> _Task item_: Word for word, and with pictures excluded, copy out all the records that follow.

> _Extracted information_:
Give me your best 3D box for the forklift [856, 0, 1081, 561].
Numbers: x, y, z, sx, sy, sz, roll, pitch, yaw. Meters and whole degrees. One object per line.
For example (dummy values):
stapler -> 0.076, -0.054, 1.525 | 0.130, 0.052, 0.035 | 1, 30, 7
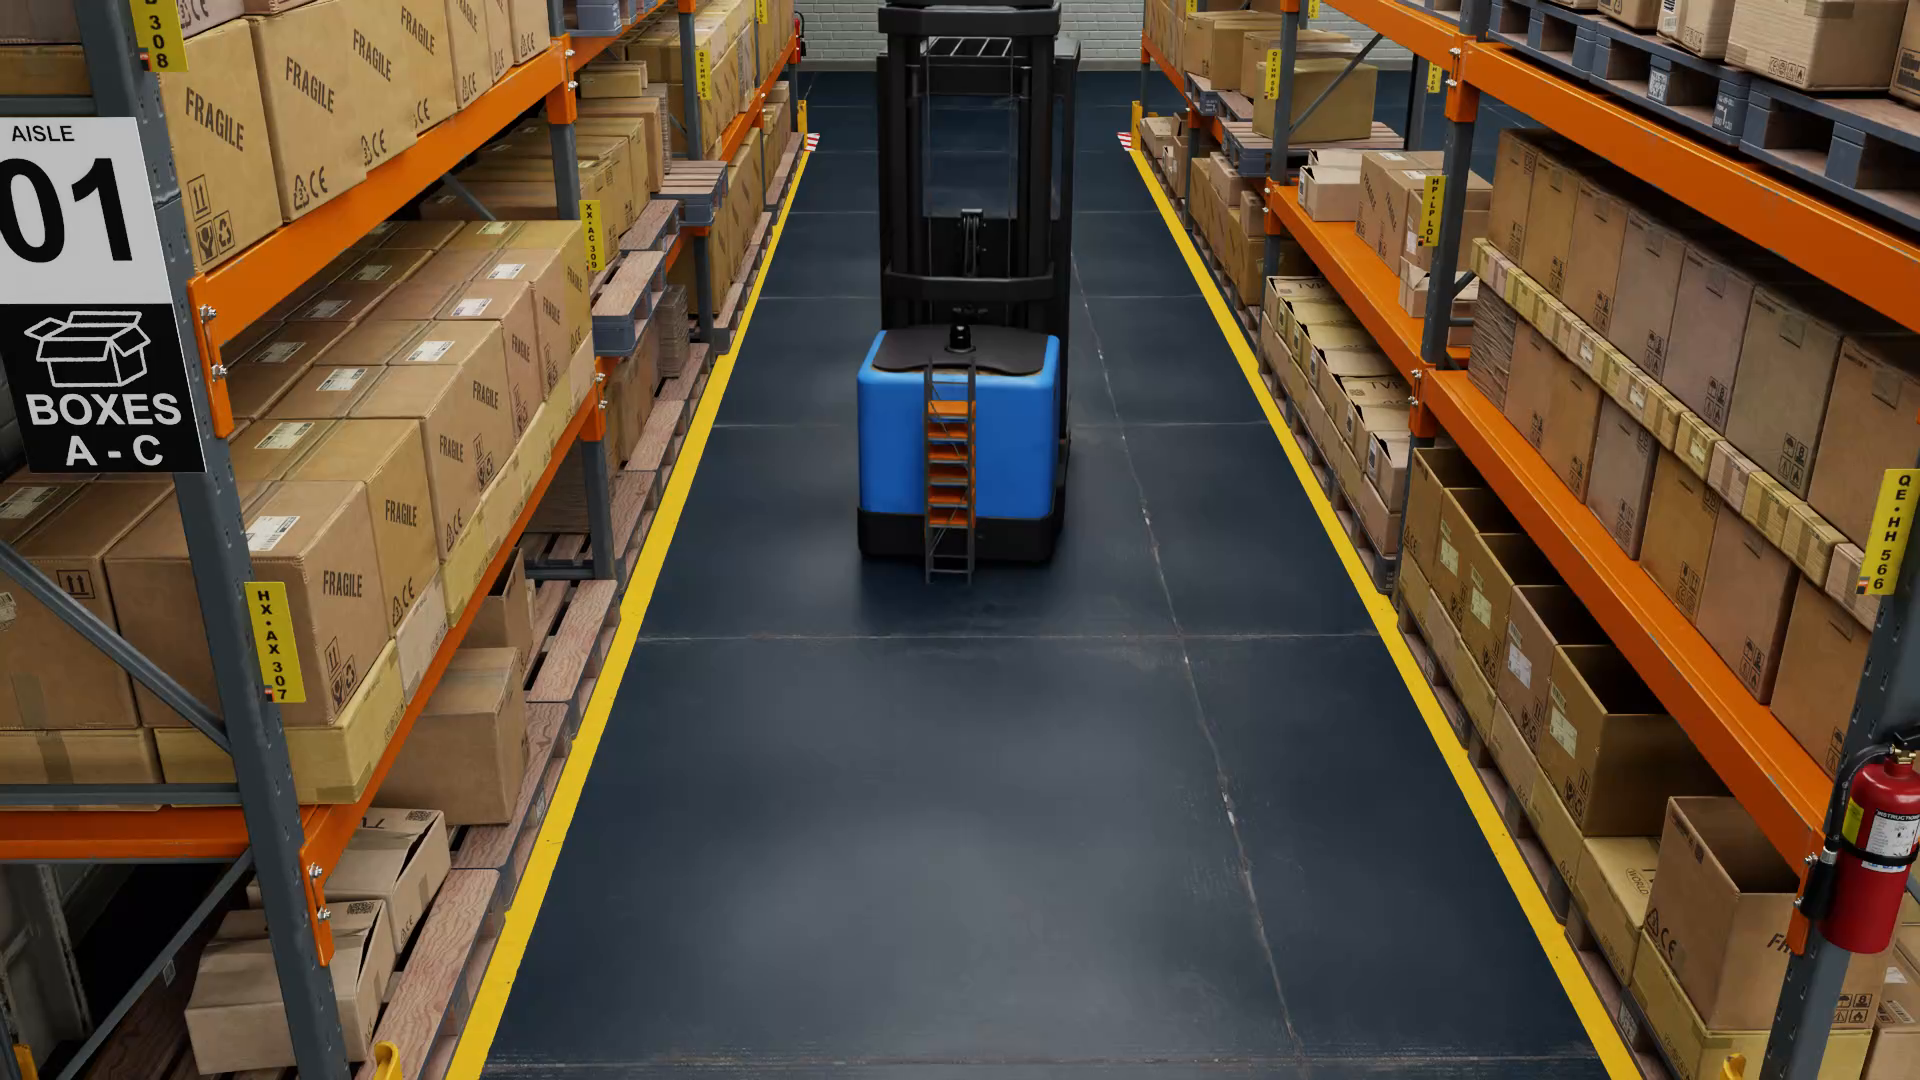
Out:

> _Exercise output_:
Give me your best 3D box for the forklift [856, 0, 1081, 561].
Numbers: x, y, z, sx, sy, sz, roll, pitch, yaw. Meters and whole degrees. One object per line.
For example (dummy values):
stapler -> 0.076, -0.054, 1.525 | 0.130, 0.052, 0.035 | 1, 30, 7
Out:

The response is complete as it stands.